Section 3 - Roles, Responsibilities and Accountabilities

Vice-Chancellor and President

(11) The Vice-Chancellor and President is the public official of UQ and is responsible for:

  1. ensuring UQ has appropriate policy, training and awareness initiatives and other control systems in place to prevent, detect and manage corrupt conduct (including fraud) incidents;
  2. setting the tone of the organisation, including leading and promoting an ethical culture;
  3. encouraging reporting of reasonably suspected corrupt conduct;
  4. ensuring appropriate action is taken in respect to corrupt conduct and fraud.

Heads of Organisational Units

(12) Heads of Organisational Units are responsible for promoting this Policy and related procedure to all staff, affiliates and volunteers within their respective areas of control and ensuring there are effective control systems in place to manage fraud and corrupt conduct.

Integrity Unit

(13) The Vice-Chancellor and President has authorised the Director, Integrity Unit to refer matters of reasonably suspected corrupt conduct to the CCC. The Integrity Unit will also:

  1. assess and investigate fraud and corrupt conduct matters;
  2. implement strategies across UQ to mitigate against risks of fraud and corrupt conduct; and
  3. inform Internal Audit of any systemic breakdown of internal controls identified at the conclusion of an investigation for consideration in the Internal Audit planning process.

Internal Audit

(14) Internal Audit will report any cases identified as possible fraud and corrupt conduct to the Integrity Unit for further assessment. 

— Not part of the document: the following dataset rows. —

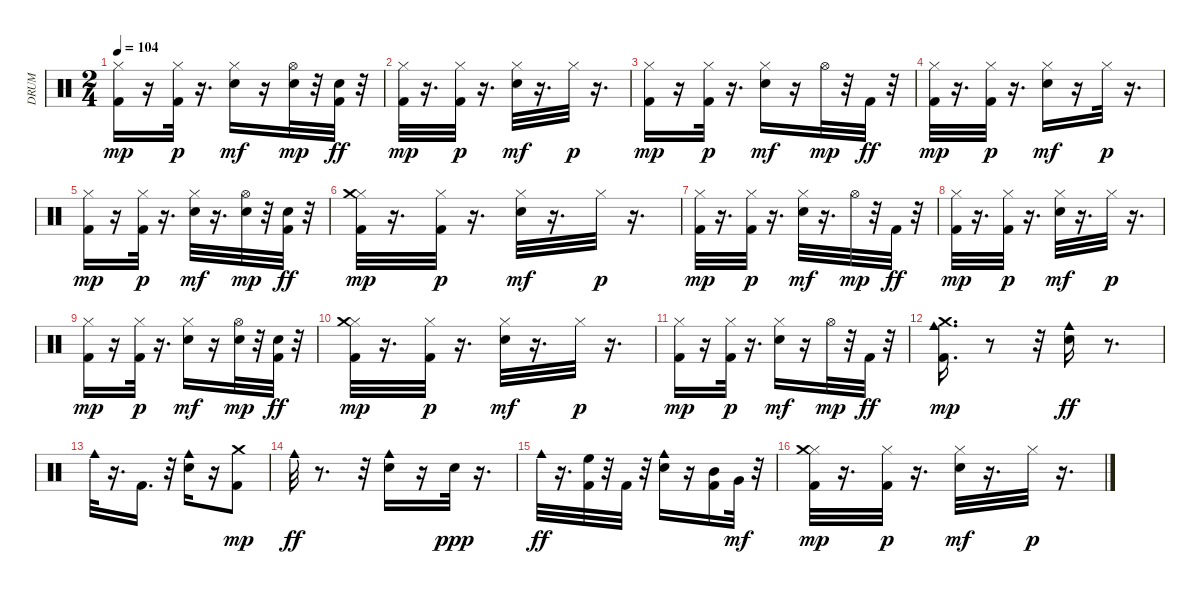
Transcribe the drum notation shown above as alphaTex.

\track ("DRUM    " "DRUM    ") {instrument percussion}
\staff {score}
\articulation defaults
\ts (2 4)
\tempo 104
\clef neutral
\ks c
("Kick (hit) 2" "Hi-Hat (closed)").16{dy mp} r.16 ("Kick (hit) 2" "Hi-Hat (closed)").32{dy p} r.16{d} ("Snare (hit) 2" "Hi-Hat (closed)").16{dy mf} r.16 ("Hi-Hat (open)" "Snare (hit) 2").32{dy mp} r.32 ("Kick (hit) 2" "Snare (hit) 2").32{dy ff} r.32 |
("Kick (hit) 2" "Hi-Hat (closed)").32{dy mp} r.16{d} ("Kick (hit) 2" "Hi-Hat (closed)").32{dy p} r.16{d} ("Snare (hit) 2" "Hi-Hat (closed)").32{dy mf} r.16{d} "Hi-Hat (closed)".32{dy p} r.16{d} |
("Kick (hit) 2" "Hi-Hat (closed)").16{dy mp} r.16 ("Kick (hit) 2" "Hi-Hat (closed)").32{dy p} r.16{d} ("Snare (hit) 2" "Hi-Hat (closed)").16{dy mf} r.16 "Hi-Hat (open)".32{dy mp} r.32 "Kick (hit) 2".32{dy ff} r.32 |
("Kick (hit) 2" "Hi-Hat (closed)").32{dy mp} r.16{d} ("Kick (hit) 2" "Hi-Hat (closed)").32{dy p} r.16{d} ("Snare (hit) 2" "Hi-Hat (closed)").16{dy mf} r.16 "Hi-Hat (closed)".32{dy p} r.16{d} |
("Kick (hit) 2" "Hi-Hat (closed)").16{dy mp} r.16 ("Kick (hit) 2" "Hi-Hat (closed)").32{dy p} r.16{d} ("Snare (hit) 2" "Hi-Hat (closed)").32{dy mf} r.16{d} ("Snare (hit) 2" "Hi-Hat (open)").32{dy mp} r.32 ("Kick (hit) 2" "Snare (hit) 2").32{dy ff} r.32 |
("Kick (hit) 2" "Hi-Hat (closed)" "Crash medium (hit)").32{dy mp} r.16{d} ("Kick (hit) 2" "Hi-Hat (closed)").32{dy p} r.16{d} ("Snare (hit) 2" "Hi-Hat (closed)").32{dy mf} r.16{d} "Hi-Hat (closed)".32{dy p} r.16{d} |
("Kick (hit) 2" "Hi-Hat (closed)").32{dy mp} r.16{d} ("Kick (hit) 2" "Hi-Hat (closed)").32{dy p} r.16{d} ("Snare (hit) 2" "Hi-Hat (closed)").32{dy mf} r.16{d} "Hi-Hat (open)".32{dy mp} r.32 "Kick (hit) 2".32{dy ff} r.32 |
("Kick (hit) 2" "Hi-Hat (closed)").32{dy mp} r.16{d} ("Kick (hit) 2" "Hi-Hat (closed)").32{dy p} r.16{d} ("Snare (hit) 2" "Hi-Hat (closed)").32{dy mf} r.16{d} "Hi-Hat (closed)".32{dy p} r.16{d} |
("Kick (hit) 2" "Hi-Hat (closed)").16{dy mp} r.16 ("Kick (hit) 2" "Hi-Hat (closed)").32{dy p} r.16{d} ("Snare (hit) 2" "Hi-Hat (closed)").16{dy mf} r.16 ("Snare (hit) 2" "Hi-Hat (open)").32{dy mp} r.32 ("Kick (hit) 2" "Snare (hit) 2").32{dy ff} r.32 |
("Kick (hit) 2" "Hi-Hat (closed)" "Crash medium (hit)").32{dy mp} r.16{d} ("Kick (hit) 2" "Hi-Hat (closed)").32{dy p} r.16{d} ("Snare (hit) 2" "Hi-Hat (closed)").32{dy mf} r.16{d} "Hi-Hat (closed)".32{dy p} r.16{d} |
("Kick (hit) 2" "Hi-Hat (closed)").16{dy mp} r.16 ("Kick (hit) 2" "Hi-Hat (closed)").32{dy p} r.16{d} ("Snare (hit) 2" "Hi-Hat (closed)").16{dy mf} r.16 "Hi-Hat (open)".32{dy mp} r.32 "Kick (hit) 2".32{dy ff} r.32 |
("Kick (hit) 2" "Cowbell medium (hit)" "Crash medium (hit)").16{d dy mp} r.8 r.32 ("Snare (hit) 2" "Cowbell medium (hit)").16{dy ff} r.8{d} |
"Cowbell medium (hit)".32 r.16{d} "Kick (hit) 2".16{d} r.32 ("Snare (hit) 2" "Cowbell medium (hit)").16 r.16 ("Kick (hit) 2" "Crash medium (hit)").8{dy mp} |
"Cowbell medium (hit)".32{dy ff} r.8{d} r.32 ("Snare (hit) 2" "Cowbell medium (hit)").16 r.16 "Snare (hit) 2".32{dy ppp} r.16{d} |
"Cowbell medium (hit)".32{dy ff} r.16{d} ("Kick (hit) 2" "High Floor Tom (hit)").32 r.32 "Kick (hit) 2".32 r.32 ("Snare (hit) 2" "Cowbell medium (hit)").16 r.16 ("Kick (hit) 2" "Mid Tom (hit)").16 "Very Low Tom (hit)".32{dy mf} r.32 |
("Kick (hit) 2" "Hi-Hat (closed)" "Crash medium (hit)").32{dy mp} r.16{d} ("Kick (hit) 2" "Hi-Hat (closed)").32{dy p} r.16{d} ("Snare (hit) 2" "Hi-Hat (closed)").32{dy mf} r.16{d} "Hi-Hat (closed)".32{dy p} r.16{d}

UQ Staff, Affiliates and Volunteers

(15) All UQ staff, affiliates and volunteers have, pursuant to the Staff Code of Conduct Policy, a responsibility to report concerns of reasonably suspected fraud in, or involving the workplace, or corrupt conduct to any of the following:

  1. their supervisor or senior management in their work area;
  2. Human Resources Division;
  3. Integrity Unit; or
  4. Chief Operating Officer.

(16) Reports of reasonably suspected corrupt conduct can also be referred directly to the CCC.

(17) All complaints involving reasonably suspected fraud and/or corrupt conduct must be referred to the Director, Integrity Unit for proper assessment and where necessary, referral to the CCC.

(18) Staff, affiliates and volunteers also have an obligation to participate in training that raises awareness regarding culture, accountability and internal controls as it applies to fraud and corrupt conduct.

Top of Page

Section 4 - Monitoring, Review and Assurance

(19) The Director, Integrity Unit is responsible for the promotion of this Policy and the related procedure and for ensuring that they are regularly reviewed for currency and effectiveness.

(20) The Director, Integrity Unit will continually monitor and review actions for the purpose of:

  1. assessing compliance with the Policy and to demonstrate/confirm its effectiveness;
  2. identifying, assessing and promptly addressing any deficiencies;
  3. ensuring ongoing relevance of the Policy;
  4. assessing effectiveness of controls; and
  5. reporting through the Chief Operating Officer on weaknesses in controls as appropriate.
Top of Page

Section 5 - Recording and Reporting

(21) The Integrity Unit will record all reported or detected incidents of fraud or corrupt conduct within its Complaints Management Database. 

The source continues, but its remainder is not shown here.